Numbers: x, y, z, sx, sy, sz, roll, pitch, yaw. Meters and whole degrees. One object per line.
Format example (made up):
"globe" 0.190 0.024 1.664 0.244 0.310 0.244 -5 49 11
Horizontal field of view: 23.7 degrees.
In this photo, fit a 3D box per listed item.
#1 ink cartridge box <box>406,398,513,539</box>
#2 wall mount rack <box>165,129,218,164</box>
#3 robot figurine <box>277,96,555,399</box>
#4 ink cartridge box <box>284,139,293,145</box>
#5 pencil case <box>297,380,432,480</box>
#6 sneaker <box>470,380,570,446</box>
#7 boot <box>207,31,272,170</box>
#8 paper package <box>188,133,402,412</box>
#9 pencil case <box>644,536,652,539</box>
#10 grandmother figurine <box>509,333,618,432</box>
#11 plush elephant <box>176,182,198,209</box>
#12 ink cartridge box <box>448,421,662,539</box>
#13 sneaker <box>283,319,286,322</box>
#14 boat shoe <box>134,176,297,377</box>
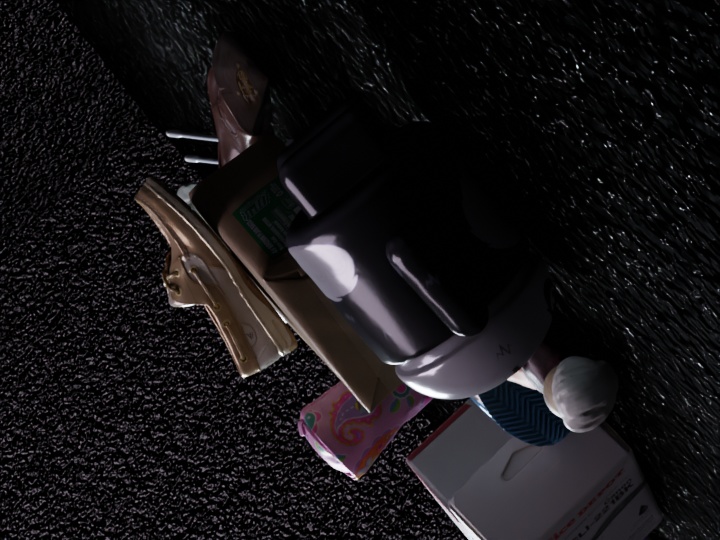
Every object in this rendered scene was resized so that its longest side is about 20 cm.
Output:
"ink cartridge box" 0.138 0.181 1.590 0.083 0.145 0.200 45 175 25
"wall mount rack" -0.182 -0.140 2.427 0.174 0.075 0.200 47 175 15
"robot figurine" 0.036 -0.013 1.081 0.125 0.150 0.200 -29 106 42
"ink cartridge box" -0.034 -0.078 1.745 0.100 0.039 0.200 50 177 -17
"pencil case" 0.032 0.098 1.577 0.087 0.200 0.087 43 172 7
"sneaker" 0.096 0.063 1.394 0.200 0.077 0.081 41 180 -6
"boot" -0.101 -0.124 1.612 0.200 0.064 0.187 179 69 -80
"paper package" -0.037 -0.002 1.507 0.191 0.103 0.200 52 176 -34
"pencil case" 0.248 0.281 1.779 0.200 0.085 0.084 46 177 17
"grandmother figurine" 0.135 0.071 1.253 0.121 0.061 0.200 41 -179 -18
"plush elephant" -0.309 -0.101 3.415 0.154 0.166 0.200 5 -179 -29
"ink cartridge box" 0.173 0.208 1.486 0.084 0.144 0.200 44 175 30
"sneaker" -0.079 -0.014 1.666 0.200 0.095 0.080 68 -157 -62
"boat shoe" -0.139 0.010 1.505 0.200 0.069 0.074 52 175 -11

###

**Goal of the exercise:** The answer must be every line of the listing that holds the word "this".

**Task answer:**
In this photo, fit a 3D box per listed item.
Every object in this rendered scene was resized so that its longest side is about 20 cm.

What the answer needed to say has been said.